Yep. Got 2 currently. Use them to catch rainwater. I'll look up a site and post it for a valve that allows the 1st few gallons of water coming off the roof to be diverted, so bird poo and leaves and such can be bypassed out of your tanks. I'm thinking I need a lightweight tank to get up on poles set in ground with a platform to have a raised tank.

Sounds like you have a system worked out. I like the Sauna idea.

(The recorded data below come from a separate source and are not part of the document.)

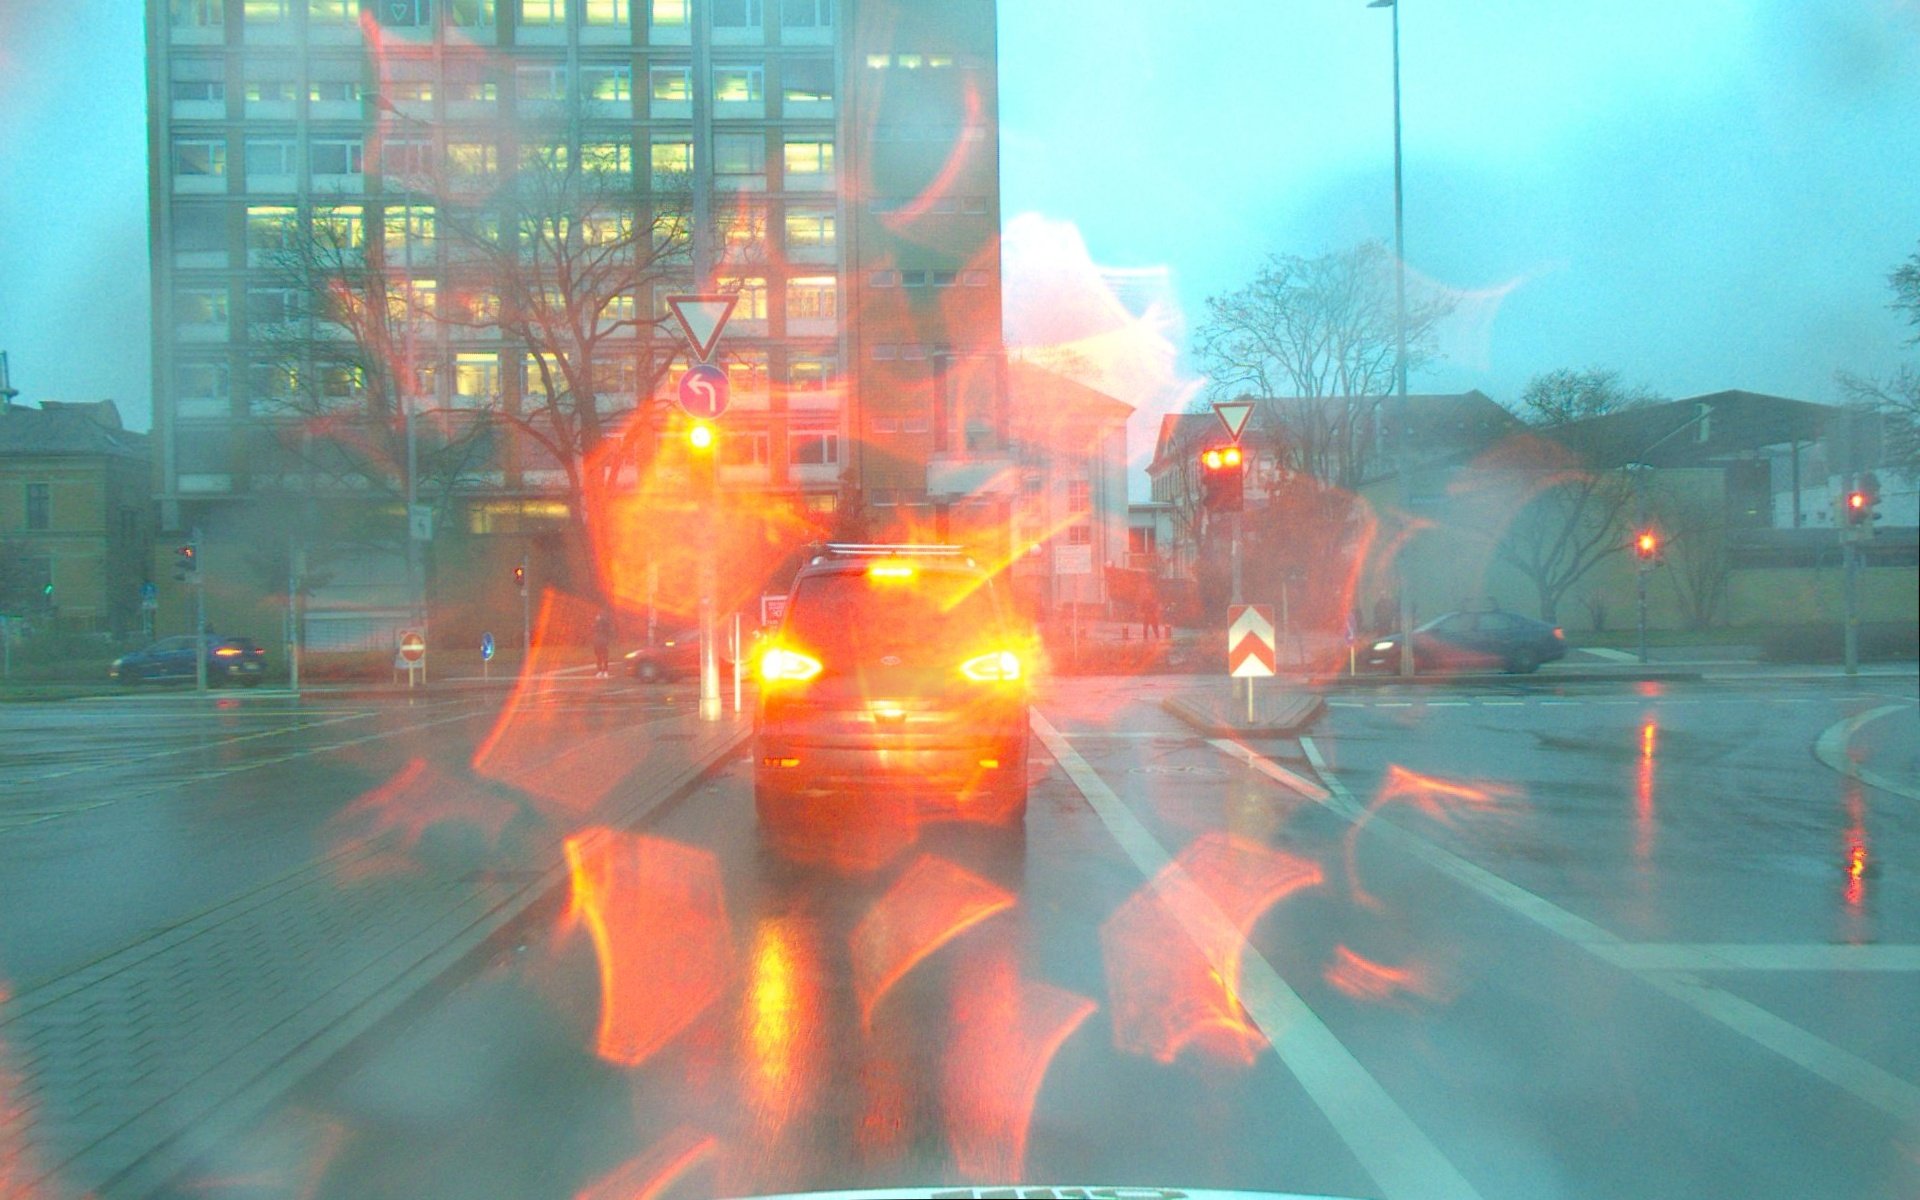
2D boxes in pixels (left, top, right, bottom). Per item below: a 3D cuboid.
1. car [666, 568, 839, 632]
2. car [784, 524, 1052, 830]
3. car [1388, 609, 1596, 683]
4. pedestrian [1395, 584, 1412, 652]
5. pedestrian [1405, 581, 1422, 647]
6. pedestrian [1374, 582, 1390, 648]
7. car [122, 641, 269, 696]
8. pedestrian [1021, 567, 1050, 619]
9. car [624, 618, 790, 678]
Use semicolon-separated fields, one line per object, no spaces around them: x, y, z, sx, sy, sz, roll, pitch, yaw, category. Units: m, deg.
-6.931;0.013;55.637;5.429;2.060;2.001;0;-2;5;car
-0.289;0.456;12.066;1.614;1.850;3.999;1;0;-1;car
12.019;1.042;37.662;4.338;1.608;1.969;0;-2;12;car
12.451;0.508;46.449;0.448;1.871;0.439;0;-2;16;pedestrian
12.967;0.392;47.294;0.428;1.871;0.460;0;-2;17;pedestrian
12.165;0.438;47.716;0.428;1.871;0.460;0;-2;17;pedestrian
-20.429;1.824;44.232;3.338;1.423;1.470;0;-2;14;car
2.478;-0.222;54.149;0.678;1.690;0.669;2;-2;-35;pedestrian
-6.210;1.188;40.781;3.708;1.423;1.566;0;-2;11;car

Down the road for now. But on the drawing board. :scratch

Jimmy


----------



## alanthao

$ 432 well pump solution:

1. $240 well pump: solar well pump | eBay

2. $52 desulfator. These unit will bring a dead acid battery back to life. Just get a bunch of dead car batteries and desulfate them back to life. Use these to run your pump when the sun is down.

3. $140 for 110 solar cell at 1.8watt each. This is more than enough needed to run your pump. Google how to build solar cell if you don't know how. I used old double pane windows, 36" x 26" $5 each, to put my solar cell inside. I used a razor utility blade to cut the glue to remove one glass side, put the solar cell inside and then silicone the glass back on. Google how to build solar cell to understand the concept.

4. I use pvc pipe, I think you can get them for $1.40 per 10 ft.

5. An idea for pressured water, put the water container like 10 ft high.


----------



## Meerkat

The devils are talking about putting meters on our wells to make sure we don't use too much water.

So I'm not looking for a solar well pump anymore.Be sure you check into the battle to privirize water before you spend a lot of money.


----------